START DATA

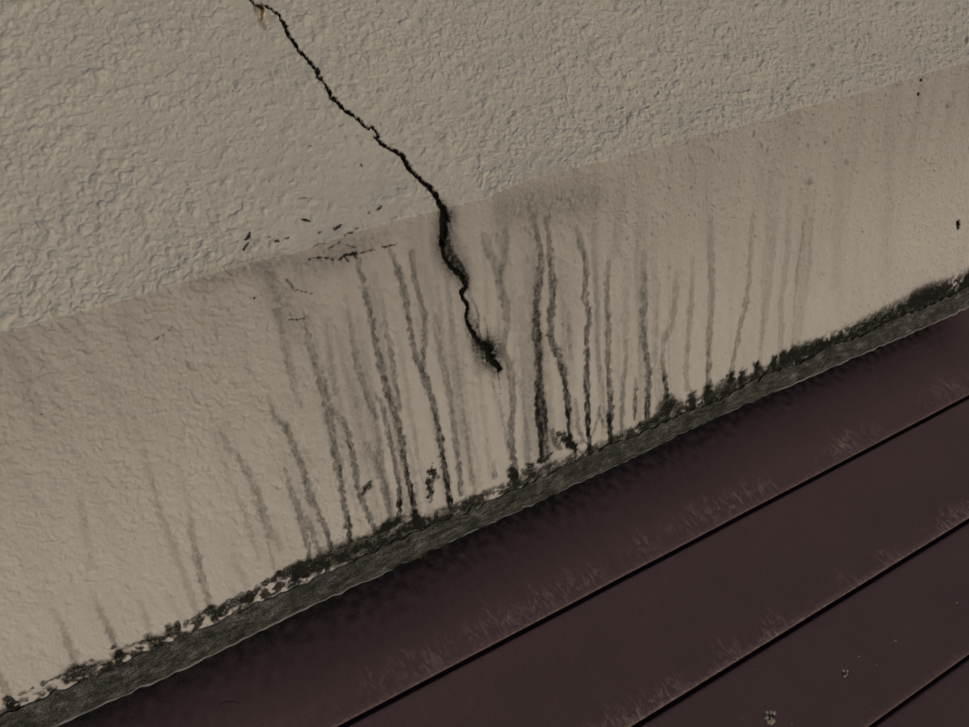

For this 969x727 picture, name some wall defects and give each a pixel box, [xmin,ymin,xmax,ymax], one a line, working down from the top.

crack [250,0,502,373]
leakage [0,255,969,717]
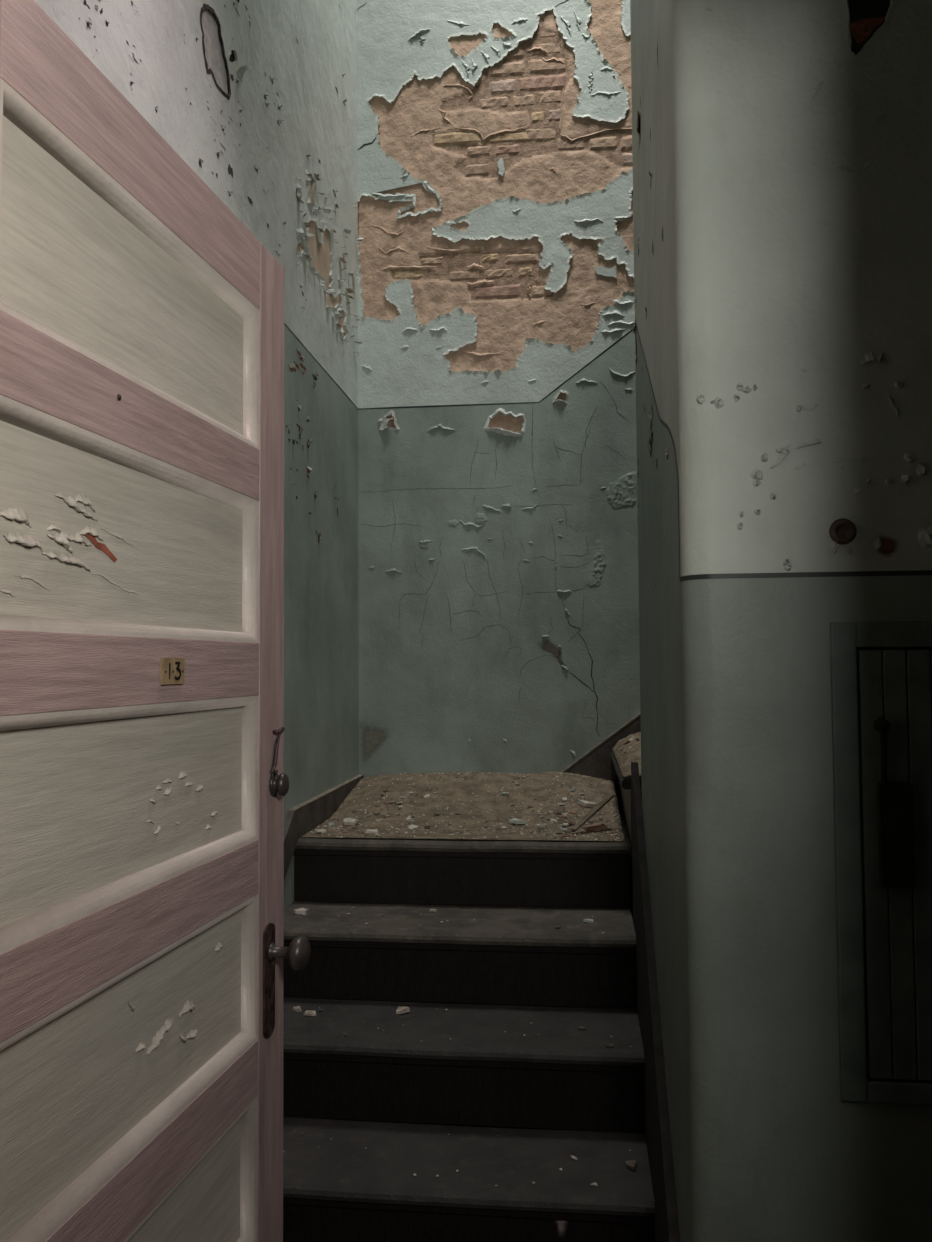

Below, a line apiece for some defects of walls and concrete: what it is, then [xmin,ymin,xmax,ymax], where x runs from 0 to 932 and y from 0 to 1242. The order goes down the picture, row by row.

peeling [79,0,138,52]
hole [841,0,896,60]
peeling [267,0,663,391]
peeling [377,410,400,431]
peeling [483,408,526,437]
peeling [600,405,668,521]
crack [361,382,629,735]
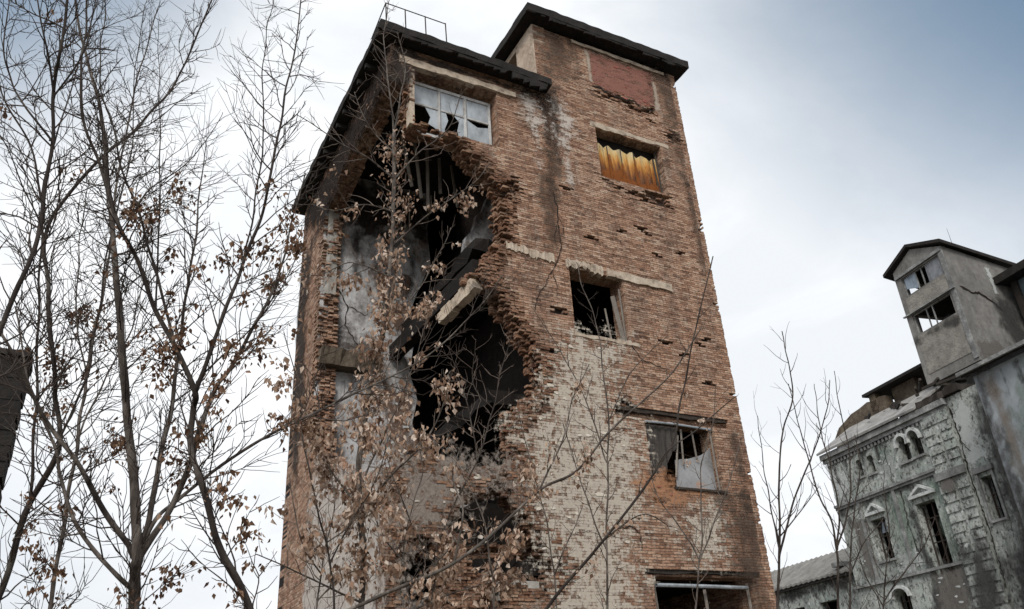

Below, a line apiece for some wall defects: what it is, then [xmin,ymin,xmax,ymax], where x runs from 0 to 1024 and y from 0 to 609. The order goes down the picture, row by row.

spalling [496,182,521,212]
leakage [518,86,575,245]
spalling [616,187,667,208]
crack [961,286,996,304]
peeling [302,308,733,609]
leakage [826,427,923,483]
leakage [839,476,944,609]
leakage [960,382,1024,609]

END DATA

*YOUR INSTRUCTIONS:* Here the job is to repeat the entries verbatim while leaving all pictures out.

*RESPONSE BELOW:*
For this 969x727 picture, name some wall defects and give each a pixel box, [xmin,ymin,xmax,ymax], one a line, working down from the top.

crack [250,0,502,373]
leakage [0,255,969,717]

Below, a line apiece for some defects of walls and concrete: what it is, then [xmin,ymin,xmax,ymax], where x runs from 0 to 932 and y from 0 to 1242. The order goes down the picture, row by row.

peeling [79,0,138,52]
hole [841,0,896,60]
peeling [267,0,663,391]
peeling [377,410,400,431]
peeling [483,408,526,437]
peeling [600,405,668,521]
crack [361,382,629,735]

Below, a line apiece for some wall defects: what it is, then [xmin,ymin,xmax,ymax], where x runs from 0 to 1024 and y from 0 to 609. The order goes down the picture, row by row.

spalling [496,182,521,212]
leakage [518,86,575,245]
spalling [616,187,667,208]
crack [961,286,996,304]
peeling [302,308,733,609]
leakage [826,427,923,483]
leakage [839,476,944,609]
leakage [960,382,1024,609]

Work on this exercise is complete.